• THE DATA
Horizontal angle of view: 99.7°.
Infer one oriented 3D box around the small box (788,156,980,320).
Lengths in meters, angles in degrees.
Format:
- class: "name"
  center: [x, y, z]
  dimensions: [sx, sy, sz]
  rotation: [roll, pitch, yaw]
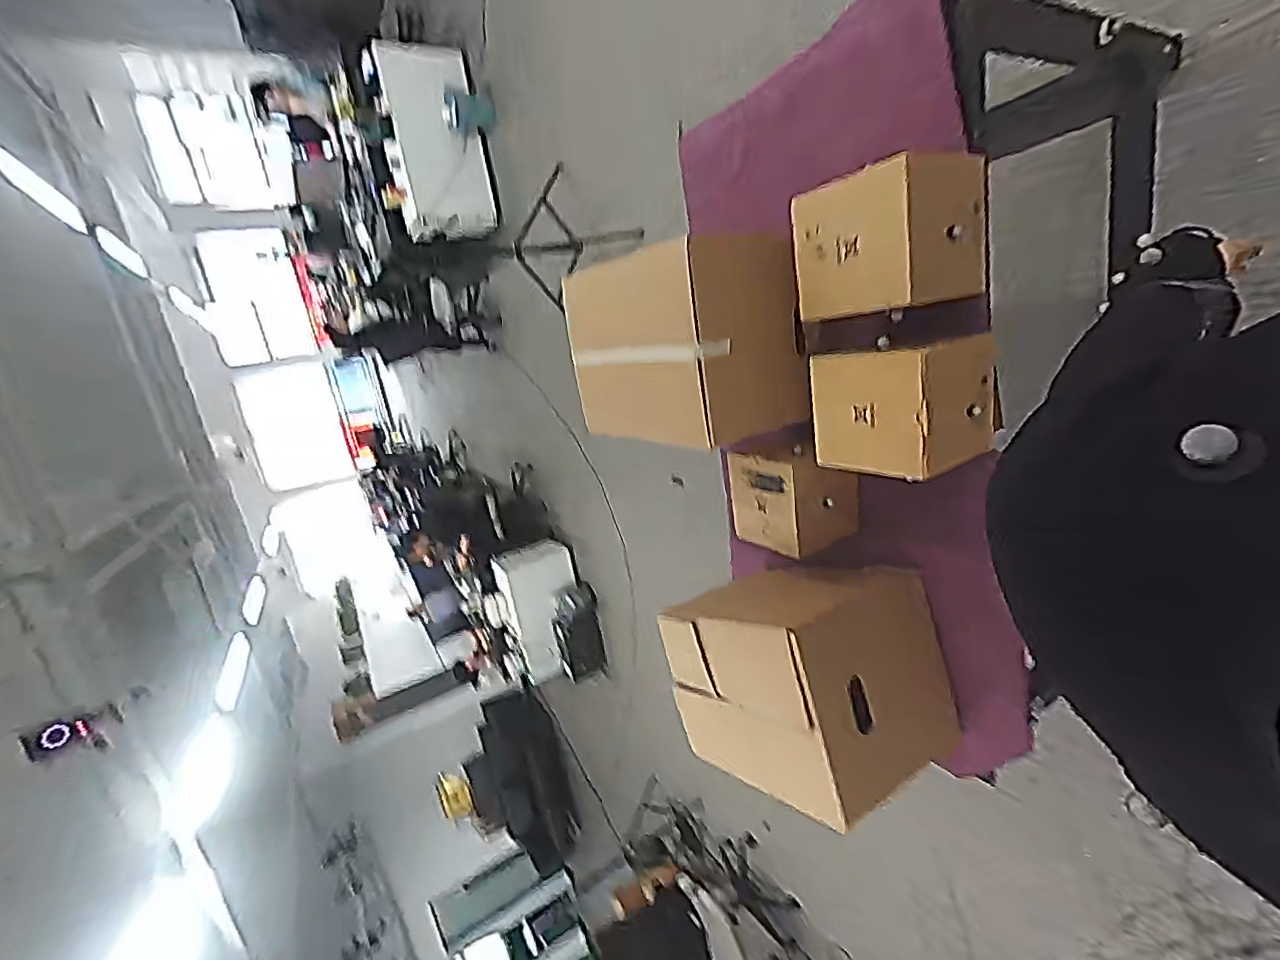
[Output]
- class: "small box"
  center: [0.329, -0.319, 0.729]
  dimensions: [0.179, 0.176, 0.168]
  rotation: [15, 118, 58]

• WHAT THE EXERCISE ASKS
Write out, exactly and with nothing else, the lines of the listing above from its first line through the line with "rotation: [roll, pitch, yaw]".

• OUTPUT FOR THIS TASK
Horizontal angle of view: 99.7°.
Infer one oriented 3D box around the small box (788,156,980,320).
Lengths in meters, angles in degrees.
Format:
- class: "name"
  center: [x, y, z]
  dimensions: [sx, sy, sz]
  rotation: [roll, pitch, yaw]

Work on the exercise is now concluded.